Russell ended P4 in Bahrain and then was fifth in Saudi Arabia, before managing a first Mercedes podium when he ended third Australia. Finishing fourth in Imola leaves him on 49 points, 21 ahead of team-mate Hamilton.
“After Friday, probably not. After the sprint, definitely not,” said Russell when asked if he’d have believed it had he been told earlier in the weekend he would finish fourth. The 24-year-old had started down in 11th but produced a superlative drive to rise seven places. He leaves Italy fourth in the Drivers’ Championship and is only 10 points off of Red Bull’s Max Verstappen, who has won two races.
Russell has eked out those results despite the fact Mercedes have endured massive struggles with their performance this year. Rivals Ferrari and Red Bull both have significantly faster cars, with some suggesting Mercedes might even go the full season without a single race win.
The W13 is a car that even the great Hamilton is struggling to master. Team principal Toto Wolff dubbed the Mercedes challenger “undriveable” in conversation with Hamilton on the team radio after the seven-time world champion ended outside the points.
But that has not prevented Russell from showing points-scoring consistency. He has outperformed an underperforming car in the same way he did with Williams and deserves immense credit for it given this is his first year with the team, not his 10th like his team-mate.

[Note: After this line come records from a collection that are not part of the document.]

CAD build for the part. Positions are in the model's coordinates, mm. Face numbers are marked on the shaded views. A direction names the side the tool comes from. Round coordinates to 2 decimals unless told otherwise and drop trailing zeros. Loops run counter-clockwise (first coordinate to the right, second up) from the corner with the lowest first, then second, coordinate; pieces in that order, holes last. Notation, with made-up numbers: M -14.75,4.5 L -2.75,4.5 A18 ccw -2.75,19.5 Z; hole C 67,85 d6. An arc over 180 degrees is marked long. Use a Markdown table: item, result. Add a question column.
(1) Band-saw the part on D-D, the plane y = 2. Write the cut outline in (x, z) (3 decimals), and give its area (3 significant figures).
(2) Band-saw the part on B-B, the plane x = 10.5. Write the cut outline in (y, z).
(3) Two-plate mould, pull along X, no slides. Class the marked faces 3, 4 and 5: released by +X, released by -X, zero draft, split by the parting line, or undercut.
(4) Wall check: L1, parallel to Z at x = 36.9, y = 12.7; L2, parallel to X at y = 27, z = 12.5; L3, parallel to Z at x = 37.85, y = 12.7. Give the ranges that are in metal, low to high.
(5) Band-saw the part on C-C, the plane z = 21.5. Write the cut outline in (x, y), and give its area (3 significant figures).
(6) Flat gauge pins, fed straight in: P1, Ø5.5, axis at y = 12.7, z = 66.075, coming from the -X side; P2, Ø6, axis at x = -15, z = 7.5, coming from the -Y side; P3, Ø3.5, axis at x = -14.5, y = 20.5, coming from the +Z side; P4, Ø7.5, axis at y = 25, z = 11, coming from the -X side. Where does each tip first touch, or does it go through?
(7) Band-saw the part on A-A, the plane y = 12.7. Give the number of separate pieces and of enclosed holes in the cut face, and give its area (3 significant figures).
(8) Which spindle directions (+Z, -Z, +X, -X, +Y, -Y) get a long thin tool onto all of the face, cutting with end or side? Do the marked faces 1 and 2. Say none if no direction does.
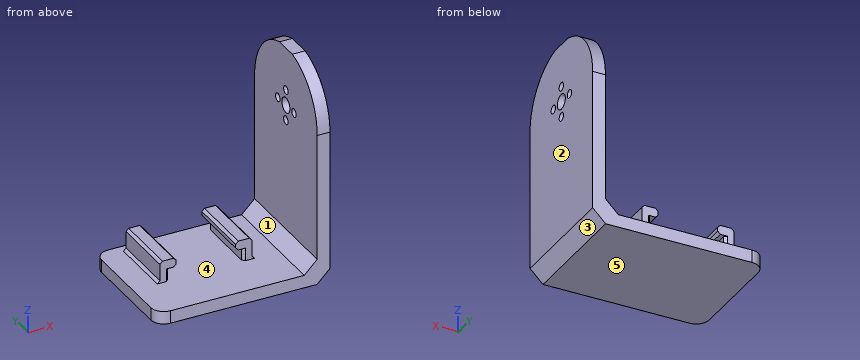
from build123d import *

# Parameters (mm, degrees)
F0_W      = 57.15
F0_H      = 21.6
F1_DEPTH  = 5
F2_W      = 57.15
F2_H      = 25.4
F3_DEPTH  = 5
F4_W      = 3.556
F4_H      = 25.4
F5_DEPTH  = 5.08
F6_W      = 6.35
F6_H      = 25.4
F7_DEPTH  = 3.556
F8_SIZE   = 1.016
F9_W      = 10.425
F9_H      = 47
F10_DEPTH = 5
F11_W     = 5
F11_H     = 47
F12_DEPTH = 78
F13_R     = 1.6478
F13_R_2   = 3
F14_DEPTH = 25.4
F16_DEPTH = 25.4
F17_R     = 5.08
F18_SIZE  = 5.08


with BuildPart() as f1:
    # F0 (on Top) → F1 (new body)
    with BuildSketch(Plane.XY):
        Rectangle(F0_W, F0_H)
    extrude(amount=F1_DEPTH)

    # F2 (on Top) → F3 (join)
    with BuildSketch(Plane.XY):
        with Locations((0, 23.5)):
            Rectangle(F2_W, F2_H)
    extrude(amount=F3_DEPTH)

    # F4 (on face) → F5 (join)
    with BuildSketch(Plane.XY.offset(5)):
        with Locations((-16.256, 20.32)):
            Rectangle(F4_W, F4_H)
        with Locations((16.256, 20.32)):
            Rectangle(F4_W, F4_H)
    extrude(amount=F5_DEPTH)

    # F6 (on face) → F7 (join)
    with BuildSketch(Plane.XY.offset(10.08)):
        with Locations((-14.859, 20.32)):
            Rectangle(F6_W, F6_H)
        with Locations((14.859, 20.32)):
            Rectangle(F6_W, F6_H)
    extrude(amount=F7_DEPTH)

    # F8
    f8_edges = [f1.edges().sort_by_distance(p)[0] for p in [
        (-11.684, 20.32, 13.636),
        (-11.684, 20.32, 10.08),
        (11.684, 20.32, 13.636),
        (11.684, 20.32, 10.08),
        (18.034, 20.32, 13.636),
        (-18.034, 20.32, 13.636),
        (18.034, 20.32, 5),
        (-18.034, 20.32, 5),
        (14.478, 33.02, 7.54),
        (-14.478, 33.02, 7.54),
        (-14.478, 7.62, 7.54),
        (14.478, 7.62, 7.54),
    ]]
    chamfer(f8_edges, length=F8_SIZE)

    # F9 (on face) → F10 (join)
    with BuildSketch(Plane.XY.offset(5)):
        with Locations((33.7875, 12.7)):
            Rectangle(F9_W, F9_H)
    extrude(amount=-F10_DEPTH)

    # F11 (on face) → F12 (join)
    with BuildSketch(Plane.XY.offset(5)):
        with Locations((36.5, 12.7)):
            Rectangle(F11_W, F11_H)
    extrude(amount=F12_DEPTH)

    # F13 (on face) → F14 (cut)
    with BuildSketch(Plane.YZ.offset(39)):
        with Locations((6.625, 60)):
            Circle(F13_R)
        with Locations((12.7, 53.925)):
            Circle(F13_R)
        with Locations((18.775, 60)):
            Circle(F13_R)
        with Locations((12.7, 66.075)):
            Circle(F13_R)
        with Locations((12.7, 60)):
            Circle(F13_R_2)
    extrude(amount=-F14_DEPTH, mode=Mode.SUBTRACT)

    # F15 (on face) → F16 (cut)
    with BuildSketch(Plane(origin=(34, 0, 0), x_dir=(0, -1, 0), z_dir=(-1, 0, 0))):
        with BuildLine():
            ThreePointArc((-36.2, 60), (-30.942298, 74.814471), (-17.521825, 83))
            Line((-17.521825, 83), (-36.2, 83))
            Line((-36.2, 83), (-36.2, 60))
        make_face()
        with BuildLine():
            Line((-17.521825, 83), (-7.878175, 83))
            ThreePointArc((-7.878175, 83), (-12.7, 83.5), (-17.521825, 83))
        make_face()
        with BuildLine():
            ThreePointArc((-7.878175, 83), (5.542298, 74.814471), (10.8, 60))
            Line((10.8, 60), (10.8, 83))
            Line((10.8, 83), (-7.878175, 83))
        make_face()
    extrude(amount=-F16_DEPTH, mode=Mode.SUBTRACT)

    # F17
    f17_edges = [f1.edges().sort_by_distance(p)[0] for p in [
        (-28.575, -10.8, 2.5),
        (-28.575, 36.2, 2.5),
    ]]
    fillet(f17_edges, radius=F17_R)

    # F18
    f18_edges = [f1.edges().sort_by_distance(p)[0] for p in [
        (34, 12.7, 5),
        (39, 12.7, 0),
    ]]
    chamfer(f18_edges, length=F18_SIZE)


solid = f1.part
Return value:
| question | item | result |
|---|---|---|
| 1 | outline | M -28.575,0 L 33.92,0 L 39,5.08 L 39,80.923 L 34,80.923 L 34,10.08 L 28.92,5 L -28.575,5 Z |
| 1 | area | 717 mm^2 |
| 2 | outline | M -10.8,0 L 36.2,0 L 36.2,5 L -10.8,5 Z |
| 3 | face 3 | released by +X |
| 3 | face 4 | undercut |
| 3 | face 5 | zero draft |
| 4 | L1 | 2.98 to 52.28, 55.57 to 57, 63 to 64.43, 67.72 to 83 |
| 4 | L2 | -18.03 to -11.68, 11.68 to 18.03, 34 to 39 |
| 4 | L3 | 3.93 to 52.28, 55.57 to 57, 63 to 64.43, 67.72 to 83 |
| 5 | outline | M 34,-10.8 L 39,-10.8 L 39,36.2 L 34,36.2 Z |
| 5 | area | 235 mm^2 |
| 6 | P1 | x = 34 |
| 6 | P2 | y = -10.8 |
| 6 | P3 | z = 13.64 |
| 6 | P4 | x = -18.03 |
| 7 | separate pieces | 4 |
| 7 | enclosed holes | 0 |
| 7 | area | 744 mm^2 |
| 8 | face 1 | +Z, +Y, -Y |
| 8 | face 2 | +Z, -Z, +X, +Y, -Y |
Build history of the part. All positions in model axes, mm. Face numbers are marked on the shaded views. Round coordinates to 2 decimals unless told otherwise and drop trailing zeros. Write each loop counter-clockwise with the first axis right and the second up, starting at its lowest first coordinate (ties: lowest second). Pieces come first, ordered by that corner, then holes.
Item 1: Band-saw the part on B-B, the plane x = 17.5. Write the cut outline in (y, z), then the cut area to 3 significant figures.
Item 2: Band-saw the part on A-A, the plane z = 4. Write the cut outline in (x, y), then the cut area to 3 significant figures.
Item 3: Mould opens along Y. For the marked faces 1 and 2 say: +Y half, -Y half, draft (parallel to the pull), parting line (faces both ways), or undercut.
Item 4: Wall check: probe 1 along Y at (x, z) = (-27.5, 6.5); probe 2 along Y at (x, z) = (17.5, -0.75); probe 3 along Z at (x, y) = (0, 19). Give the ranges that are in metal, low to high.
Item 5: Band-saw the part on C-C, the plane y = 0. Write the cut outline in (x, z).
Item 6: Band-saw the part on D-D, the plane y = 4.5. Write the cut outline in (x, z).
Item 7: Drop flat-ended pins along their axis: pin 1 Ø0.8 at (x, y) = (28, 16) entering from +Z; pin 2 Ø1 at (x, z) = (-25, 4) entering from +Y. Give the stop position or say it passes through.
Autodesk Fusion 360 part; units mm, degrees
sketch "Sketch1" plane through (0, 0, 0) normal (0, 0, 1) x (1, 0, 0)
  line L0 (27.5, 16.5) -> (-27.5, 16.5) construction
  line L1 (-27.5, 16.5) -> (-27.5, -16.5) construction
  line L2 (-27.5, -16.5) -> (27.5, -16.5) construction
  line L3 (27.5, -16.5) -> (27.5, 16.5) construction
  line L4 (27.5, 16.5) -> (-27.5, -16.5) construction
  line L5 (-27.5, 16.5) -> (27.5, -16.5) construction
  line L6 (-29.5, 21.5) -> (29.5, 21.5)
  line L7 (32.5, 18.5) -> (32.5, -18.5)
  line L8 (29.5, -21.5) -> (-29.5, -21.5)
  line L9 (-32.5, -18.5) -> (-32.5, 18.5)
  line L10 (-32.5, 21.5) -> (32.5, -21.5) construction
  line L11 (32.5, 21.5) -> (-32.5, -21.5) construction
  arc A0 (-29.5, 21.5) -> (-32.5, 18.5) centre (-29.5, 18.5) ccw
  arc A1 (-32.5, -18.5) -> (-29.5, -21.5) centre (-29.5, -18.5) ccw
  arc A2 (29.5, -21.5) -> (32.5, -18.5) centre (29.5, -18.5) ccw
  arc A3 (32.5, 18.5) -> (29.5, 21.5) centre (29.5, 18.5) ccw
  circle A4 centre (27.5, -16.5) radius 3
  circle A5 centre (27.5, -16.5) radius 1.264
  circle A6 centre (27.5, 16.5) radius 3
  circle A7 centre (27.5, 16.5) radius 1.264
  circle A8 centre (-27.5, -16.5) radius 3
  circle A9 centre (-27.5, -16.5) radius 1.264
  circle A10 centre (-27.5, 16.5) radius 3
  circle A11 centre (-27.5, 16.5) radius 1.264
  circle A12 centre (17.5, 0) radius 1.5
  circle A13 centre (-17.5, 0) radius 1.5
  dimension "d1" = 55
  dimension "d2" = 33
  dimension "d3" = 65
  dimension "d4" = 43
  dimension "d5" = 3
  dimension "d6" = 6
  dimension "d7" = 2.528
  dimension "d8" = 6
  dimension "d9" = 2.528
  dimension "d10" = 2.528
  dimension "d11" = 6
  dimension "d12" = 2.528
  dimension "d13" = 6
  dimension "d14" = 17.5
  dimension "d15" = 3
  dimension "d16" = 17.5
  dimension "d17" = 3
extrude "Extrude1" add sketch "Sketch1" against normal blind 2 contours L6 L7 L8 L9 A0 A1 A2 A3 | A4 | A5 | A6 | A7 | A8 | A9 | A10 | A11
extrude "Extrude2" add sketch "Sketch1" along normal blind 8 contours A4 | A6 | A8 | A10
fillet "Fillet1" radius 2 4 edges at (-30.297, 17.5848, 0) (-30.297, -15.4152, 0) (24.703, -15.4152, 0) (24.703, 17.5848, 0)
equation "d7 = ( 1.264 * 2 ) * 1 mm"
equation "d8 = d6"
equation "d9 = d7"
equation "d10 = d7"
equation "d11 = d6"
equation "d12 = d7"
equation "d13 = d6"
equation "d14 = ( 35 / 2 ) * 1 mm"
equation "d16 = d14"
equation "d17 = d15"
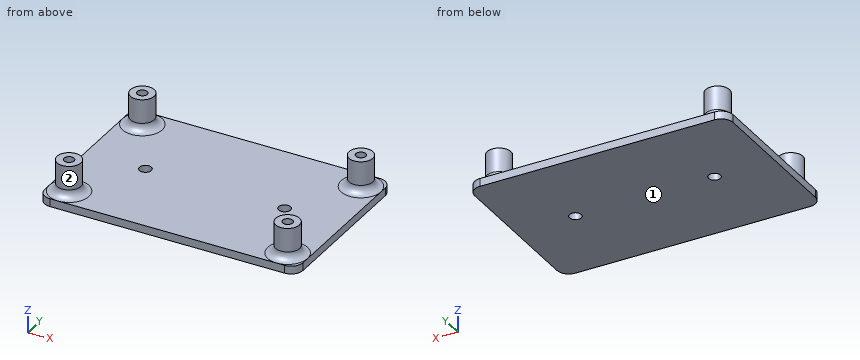
Results:
1. outline: (-21.5, -2) - (-1.5, -2) - (-1.5, 0) - (-21.5, 0) - close; (1.5, -2) - (21.5, -2) - (21.5, 0) - (1.5, 0) - close
1. area: 80.0 mm2
2. outline: circle Ø6 at (-27.5, -16.5); circle Ø6 at (-27.5, 16.5); circle Ø6 at (27.5, -16.5); circle Ø6 at (27.5, 16.5); hole circle Ø2.53 at (-27.5, -16.5); hole circle Ø2.53 at (-27.5, 16.5); hole circle Ø2.53 at (27.5, -16.5); hole circle Ø2.53 at (27.5, 16.5)
2. area: 93.0 mm2
3. face 1: draft
3. face 2: undercut
4. probe 1: y = -19.5 to -17.76, -15.24 to -13.5, 13.5 to 15.24, 17.76 to 19.5
4. probe 2: y = -21.5 to -1.5, 1.5 to 21.5
4. probe 3: z = -2 to 0
5. outline: (-32.5, -2) - (-19, -2) - (-19, 0) - (-32.5, 0) - close; (-16, -2) - (16, -2) - (16, 0) - (-16, 0) - close; (19, -2) - (32.5, -2) - (32.5, 0) - (19, 0) - close
6. outline: (-32.5, -2) - (32.5, -2) - (32.5, 0) - (-32.5, 0) - close
7. pin 1: stops at z = 0
7. pin 2: stops at y = 18.74

Former Silver Arrows driver Nico Rosberg noted: “Remember, Russell is fourth with the same car, so Lewis definitely had a big role to play in that poor weekend. Russell still managed to get fourth out of it, so there was more in that car.”
And that Russell is doing so well in spite of the porpoising and pace problems speaks volumes of his talents. And it certainly bodes well for his long-term future at the team. Russell is viewed as the man to be Mercedes’ No 1 driver once Hamilton, now 37, eventually retires. And on this basis, he will be just that. He has taken the step up in his stride.
With a better car at his disposal, he can be in the mix with the likes of Verstappen and Charles Leclerc. That may still yet come this season. Make no mistake though, as Mercedes seek to better understand their car race by race, Russell will continue to pick up plenty of points in the meantime.